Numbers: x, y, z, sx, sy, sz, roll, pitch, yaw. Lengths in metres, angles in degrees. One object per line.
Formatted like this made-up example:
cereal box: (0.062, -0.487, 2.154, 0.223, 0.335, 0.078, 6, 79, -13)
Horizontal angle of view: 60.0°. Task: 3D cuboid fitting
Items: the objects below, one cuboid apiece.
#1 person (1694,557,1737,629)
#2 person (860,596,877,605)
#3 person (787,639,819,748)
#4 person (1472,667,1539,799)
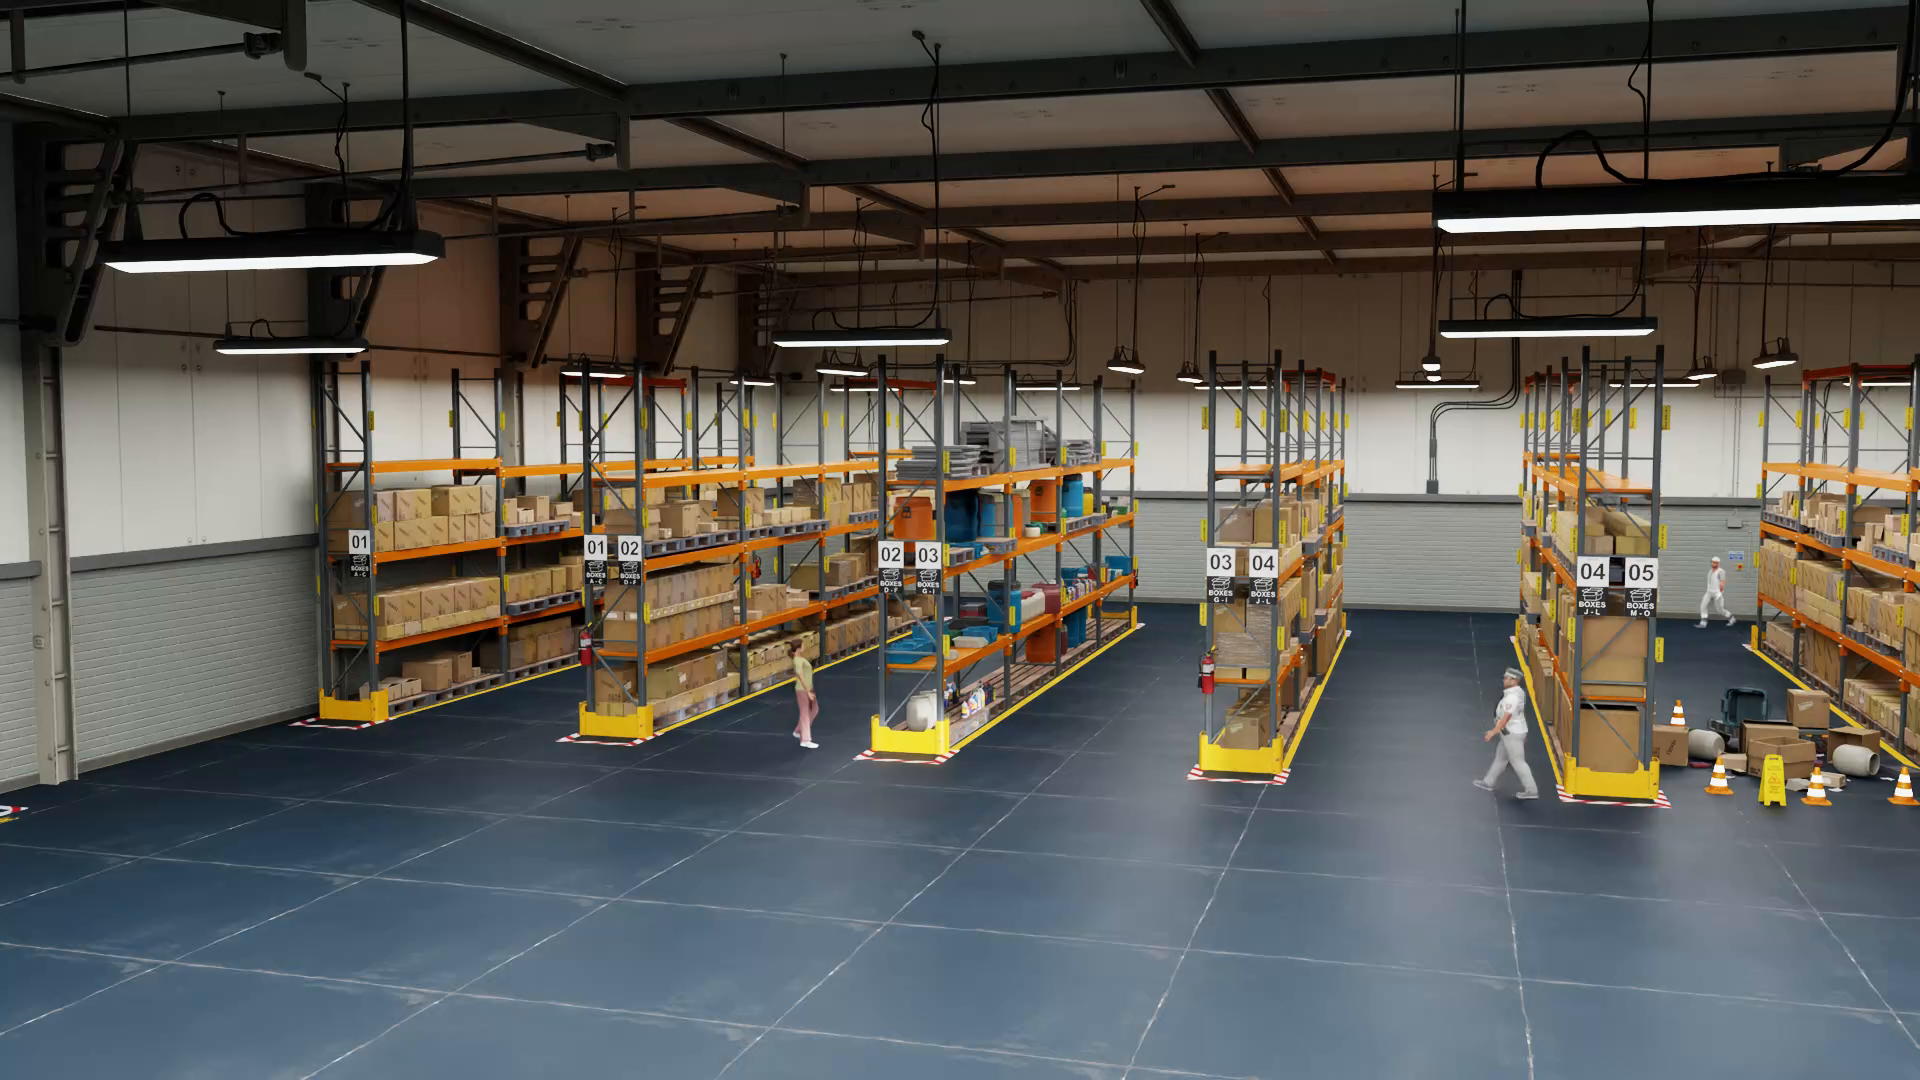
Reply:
person: (18.190, 1.269, 40.040, 0.988, 1.744, 0.642, -1, 4, -12)
person: (-2.340, 1.093, 42.637, 0.787, 1.751, 0.591, -1, 4, -14)
person: (-2.394, 2.343, 25.605, 0.491, 1.667, 0.555, 0, 4, 6)
person: (7.237, 2.538, 22.099, 0.968, 1.726, 0.610, 3, 5, 35)
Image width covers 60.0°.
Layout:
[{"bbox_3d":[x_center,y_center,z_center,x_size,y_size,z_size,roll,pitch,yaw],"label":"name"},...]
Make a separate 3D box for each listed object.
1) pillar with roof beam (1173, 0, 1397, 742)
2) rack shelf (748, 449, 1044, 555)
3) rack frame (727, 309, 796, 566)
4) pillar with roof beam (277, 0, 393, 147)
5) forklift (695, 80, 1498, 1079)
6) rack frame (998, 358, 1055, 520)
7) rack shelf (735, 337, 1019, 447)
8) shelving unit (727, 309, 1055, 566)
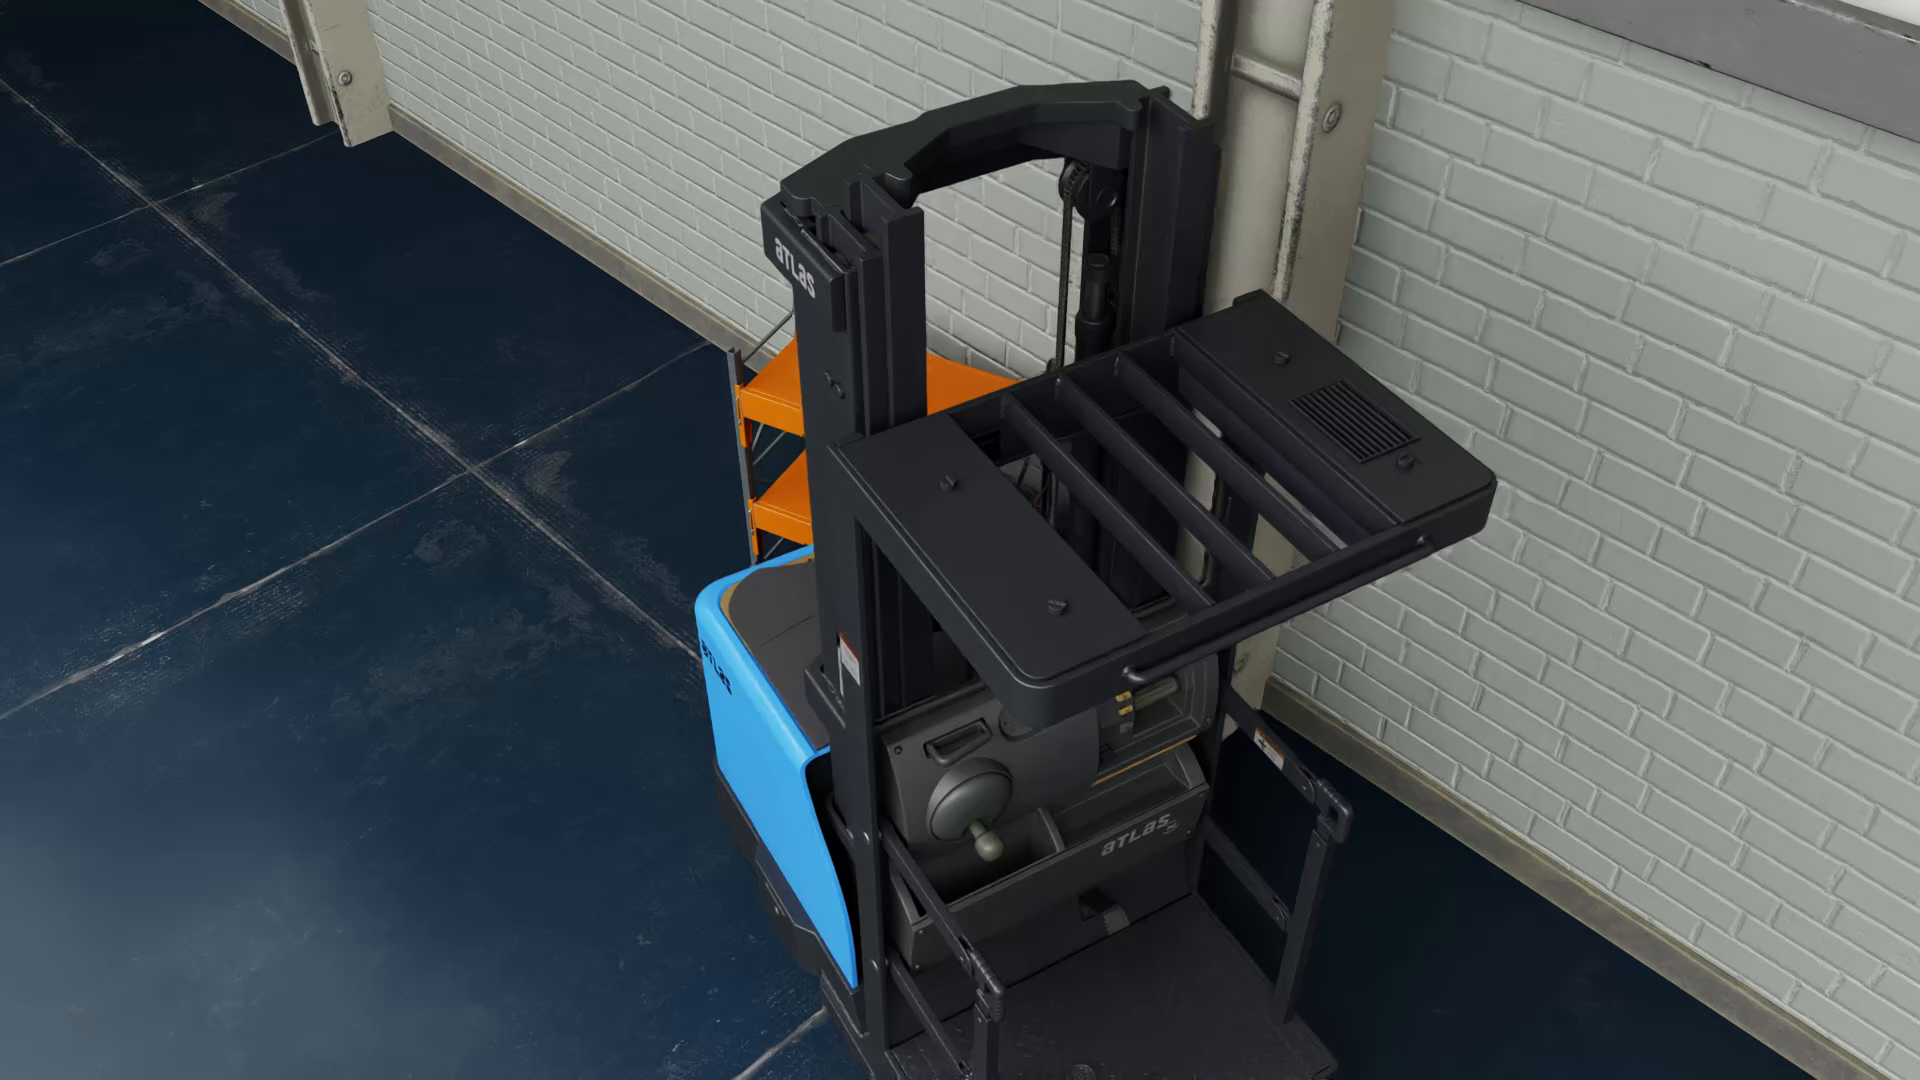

● **Directions**: Would you return the data exactly as written, without the pictures?

● **Answer box**:
Numbers: x, y, z, sx, sy, sz, roll, pitch, yaw. Lengths in metres, angles in degrees. One object per line.
Formatted like this made-up example:
cereal box: (0.062, -0.487, 2.154, 0.223, 0.335, 0.078, 6, 79, -13)
Horizontal angle of view: 60.0°. Task: 3D cuboid fitting
Items: the objects below, one cuboid apiece.
#1 person (1694,557,1737,629)
#2 person (860,596,877,605)
#3 person (787,639,819,748)
#4 person (1472,667,1539,799)
Reply:
person: (18.190, 1.269, 40.040, 0.988, 1.744, 0.642, -1, 4, -12)
person: (-2.340, 1.093, 42.637, 0.787, 1.751, 0.591, -1, 4, -14)
person: (-2.394, 2.343, 25.605, 0.491, 1.667, 0.555, 0, 4, 6)
person: (7.237, 2.538, 22.099, 0.968, 1.726, 0.610, 3, 5, 35)
Image width covers 60.0°.
Layout:
[{"bbox_3d":[x_center,y_center,z_center,x_size,y_size,z_size,roll,pitch,yaw],"label":"name"},...]
Make a separate 3D box for each listed object.
1) pillar with roof beam (1173, 0, 1397, 742)
2) rack shelf (748, 449, 1044, 555)
3) rack frame (727, 309, 796, 566)
4) pillar with roof beam (277, 0, 393, 147)
5) forklift (695, 80, 1498, 1079)
6) rack frame (998, 358, 1055, 520)
7) rack shelf (735, 337, 1019, 447)
8) shelving unit (727, 309, 1055, 566)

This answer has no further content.